After running this script, all models will be saved in the directory folder. Then, you can evaluate performance of this model using scripts as,
cd code/models/gSCAN_with_language_conditioned_embedding
CUDA_VISIBLE_DEVICES=0 python eval_best_model.py \
--load ./output/p1-random-seed-44/model_best.pth.tar \
--data_dir ./parsed_dataset-p1/ \
--seed 44 \
--test_split dev
Note that this is for --test_split=dev
, you can change to --test_split=test
if you want to evaluate with test splits.

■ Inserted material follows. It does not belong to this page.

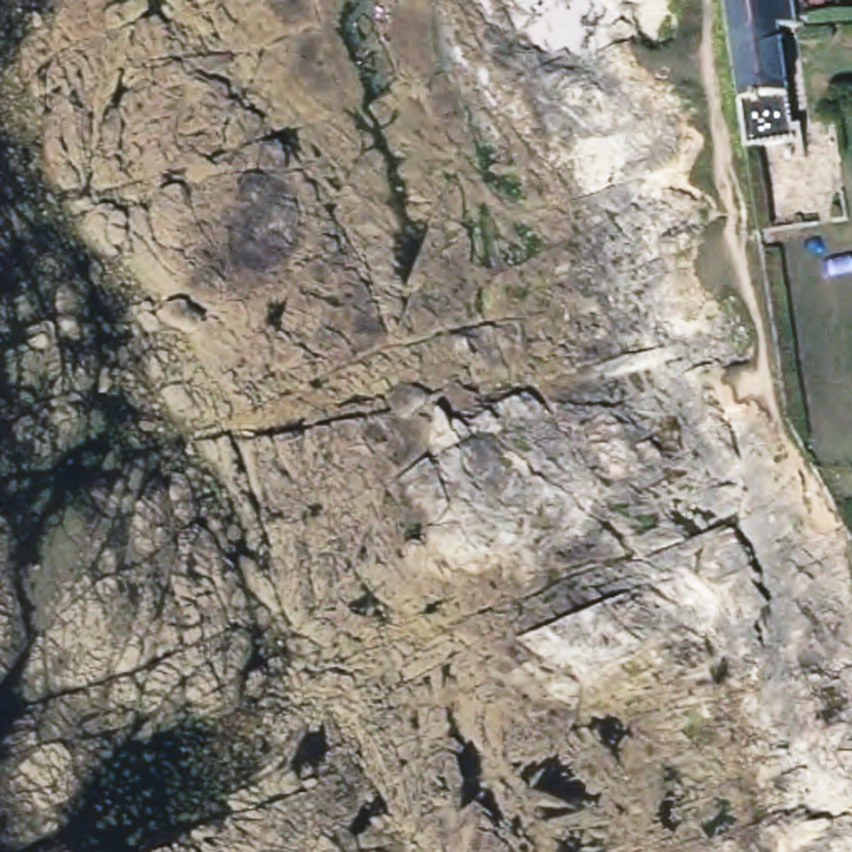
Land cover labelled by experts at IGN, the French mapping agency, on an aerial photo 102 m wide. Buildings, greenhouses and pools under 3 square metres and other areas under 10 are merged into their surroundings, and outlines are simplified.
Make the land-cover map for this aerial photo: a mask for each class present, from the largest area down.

In this repo, we also provide a lot of useful scripts to analyze ReaSCAN in various ways. Here are a non-comprehensive list of them with their purposes,
code/models/seq2seq/performance-analysis.ipynb
: evaluate model performance.code/models/seq2seq/ReaSCAN-vocab-generator.ipynb
: generate required vocab files.code/models/gSCAN_with_language_conditioned_embedding/read_reascan.ipynb
: helper to parse the dataset into model readable format.code/experiments.sh
: all bash scripts we run for our experiment results.code/dataset/demo.ipynb
: demo file for all components involved in ReaSCAN data generation process.code/dataset/unit_tests.ipynb
: unit tests for ReaSCAN. If you want to customized ReaSCAN, please run this unit test before changing anything.code/dataset/generate_ReaSCAN_splits.ipynb
: generate splits for ReaSCAN.code/dataset/ReaSCAN-analysis.ipynb
: some analyses we conduct in the paper.
ReaSCAN has a Creative Commons Attribution 4.0 International License.